### YOUR ASSIGNMENT
Where does "UMTS" appear in the data? Return each line that holds it.

[Stored records]

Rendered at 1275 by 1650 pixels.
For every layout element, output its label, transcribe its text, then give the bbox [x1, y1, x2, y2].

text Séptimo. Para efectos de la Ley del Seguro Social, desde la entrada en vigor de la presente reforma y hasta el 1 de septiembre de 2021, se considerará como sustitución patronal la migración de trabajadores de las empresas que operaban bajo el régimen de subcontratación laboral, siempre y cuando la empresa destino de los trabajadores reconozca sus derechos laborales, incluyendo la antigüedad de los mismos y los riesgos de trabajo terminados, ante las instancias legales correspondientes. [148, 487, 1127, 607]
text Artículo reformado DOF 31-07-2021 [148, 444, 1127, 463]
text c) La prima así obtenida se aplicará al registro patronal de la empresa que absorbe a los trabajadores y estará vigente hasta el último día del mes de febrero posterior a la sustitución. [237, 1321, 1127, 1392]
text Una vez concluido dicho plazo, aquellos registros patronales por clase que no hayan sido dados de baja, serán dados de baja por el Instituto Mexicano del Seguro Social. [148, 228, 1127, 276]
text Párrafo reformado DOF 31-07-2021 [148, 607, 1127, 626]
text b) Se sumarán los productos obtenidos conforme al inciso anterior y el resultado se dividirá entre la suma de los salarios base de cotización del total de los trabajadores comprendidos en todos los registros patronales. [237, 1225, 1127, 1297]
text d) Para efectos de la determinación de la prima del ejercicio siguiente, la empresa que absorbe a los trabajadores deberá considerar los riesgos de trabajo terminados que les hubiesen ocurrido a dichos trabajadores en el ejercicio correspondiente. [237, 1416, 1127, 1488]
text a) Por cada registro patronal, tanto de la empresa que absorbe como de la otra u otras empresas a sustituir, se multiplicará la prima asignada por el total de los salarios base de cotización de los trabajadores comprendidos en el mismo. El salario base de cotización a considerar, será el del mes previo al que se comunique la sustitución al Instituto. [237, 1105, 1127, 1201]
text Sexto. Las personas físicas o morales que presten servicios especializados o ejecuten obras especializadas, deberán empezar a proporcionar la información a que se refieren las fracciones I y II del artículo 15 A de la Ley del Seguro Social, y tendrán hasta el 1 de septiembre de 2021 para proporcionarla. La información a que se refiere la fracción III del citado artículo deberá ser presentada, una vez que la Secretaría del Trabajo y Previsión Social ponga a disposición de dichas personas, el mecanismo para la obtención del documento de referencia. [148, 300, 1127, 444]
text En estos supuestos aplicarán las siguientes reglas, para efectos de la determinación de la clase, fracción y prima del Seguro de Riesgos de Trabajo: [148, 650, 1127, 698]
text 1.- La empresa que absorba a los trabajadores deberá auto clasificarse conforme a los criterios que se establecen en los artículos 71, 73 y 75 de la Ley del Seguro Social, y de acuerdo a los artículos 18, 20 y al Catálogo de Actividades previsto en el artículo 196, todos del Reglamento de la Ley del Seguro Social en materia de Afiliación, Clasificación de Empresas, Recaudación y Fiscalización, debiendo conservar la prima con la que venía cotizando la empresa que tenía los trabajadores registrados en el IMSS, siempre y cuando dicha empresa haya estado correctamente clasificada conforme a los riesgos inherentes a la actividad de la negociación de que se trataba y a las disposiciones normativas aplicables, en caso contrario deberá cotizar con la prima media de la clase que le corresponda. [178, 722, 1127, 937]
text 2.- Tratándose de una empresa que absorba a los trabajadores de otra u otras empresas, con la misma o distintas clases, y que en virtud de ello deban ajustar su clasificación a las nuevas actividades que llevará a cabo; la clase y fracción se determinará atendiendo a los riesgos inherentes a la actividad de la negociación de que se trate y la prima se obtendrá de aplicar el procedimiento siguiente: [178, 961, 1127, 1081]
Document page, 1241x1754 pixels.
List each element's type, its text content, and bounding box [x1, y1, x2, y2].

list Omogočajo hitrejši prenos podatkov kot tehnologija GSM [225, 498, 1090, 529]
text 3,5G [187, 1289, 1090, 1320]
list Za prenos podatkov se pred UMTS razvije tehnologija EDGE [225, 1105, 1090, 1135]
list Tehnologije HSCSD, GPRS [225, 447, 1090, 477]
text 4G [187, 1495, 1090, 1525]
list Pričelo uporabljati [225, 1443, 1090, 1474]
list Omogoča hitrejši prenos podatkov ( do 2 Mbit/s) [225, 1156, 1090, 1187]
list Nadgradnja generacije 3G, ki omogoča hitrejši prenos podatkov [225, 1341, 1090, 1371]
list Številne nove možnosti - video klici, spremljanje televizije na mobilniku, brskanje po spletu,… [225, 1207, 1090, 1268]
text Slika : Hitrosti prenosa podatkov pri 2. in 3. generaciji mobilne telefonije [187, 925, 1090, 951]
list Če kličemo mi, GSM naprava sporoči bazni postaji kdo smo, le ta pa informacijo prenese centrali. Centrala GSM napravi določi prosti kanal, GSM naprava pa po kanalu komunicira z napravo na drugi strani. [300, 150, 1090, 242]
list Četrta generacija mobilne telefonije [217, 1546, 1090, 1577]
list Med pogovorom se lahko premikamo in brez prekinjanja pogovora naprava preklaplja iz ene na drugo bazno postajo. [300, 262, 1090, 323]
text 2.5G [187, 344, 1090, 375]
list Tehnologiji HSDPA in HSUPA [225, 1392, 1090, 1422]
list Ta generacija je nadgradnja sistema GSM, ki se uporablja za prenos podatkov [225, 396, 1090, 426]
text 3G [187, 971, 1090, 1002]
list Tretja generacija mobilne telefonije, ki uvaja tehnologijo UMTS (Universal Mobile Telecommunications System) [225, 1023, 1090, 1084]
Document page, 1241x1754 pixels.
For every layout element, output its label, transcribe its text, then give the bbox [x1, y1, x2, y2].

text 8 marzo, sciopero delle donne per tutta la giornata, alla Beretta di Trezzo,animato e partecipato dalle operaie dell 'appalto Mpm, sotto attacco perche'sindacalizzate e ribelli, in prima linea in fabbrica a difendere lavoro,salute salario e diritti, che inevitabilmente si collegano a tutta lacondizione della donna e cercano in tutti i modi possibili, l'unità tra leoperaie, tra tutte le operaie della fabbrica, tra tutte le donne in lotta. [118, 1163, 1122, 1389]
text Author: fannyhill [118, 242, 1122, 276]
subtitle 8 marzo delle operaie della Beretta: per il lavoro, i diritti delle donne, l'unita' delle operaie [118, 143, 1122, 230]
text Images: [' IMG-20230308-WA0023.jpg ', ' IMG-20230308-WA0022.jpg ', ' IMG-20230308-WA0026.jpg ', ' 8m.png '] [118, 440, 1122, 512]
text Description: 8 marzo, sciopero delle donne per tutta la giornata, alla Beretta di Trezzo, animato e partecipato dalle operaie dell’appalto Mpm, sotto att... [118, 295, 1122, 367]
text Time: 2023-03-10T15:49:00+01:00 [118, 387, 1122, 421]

### RESPONSE
list Za prenos podatkov se pred UMTS razvije tehnologija EDGE [225, 1105, 1090, 1135]
list Tretja generacija mobilne telefonije, ki uvaja tehnologijo UMTS (Universal Mobile Telecommunications System) [225, 1023, 1090, 1084]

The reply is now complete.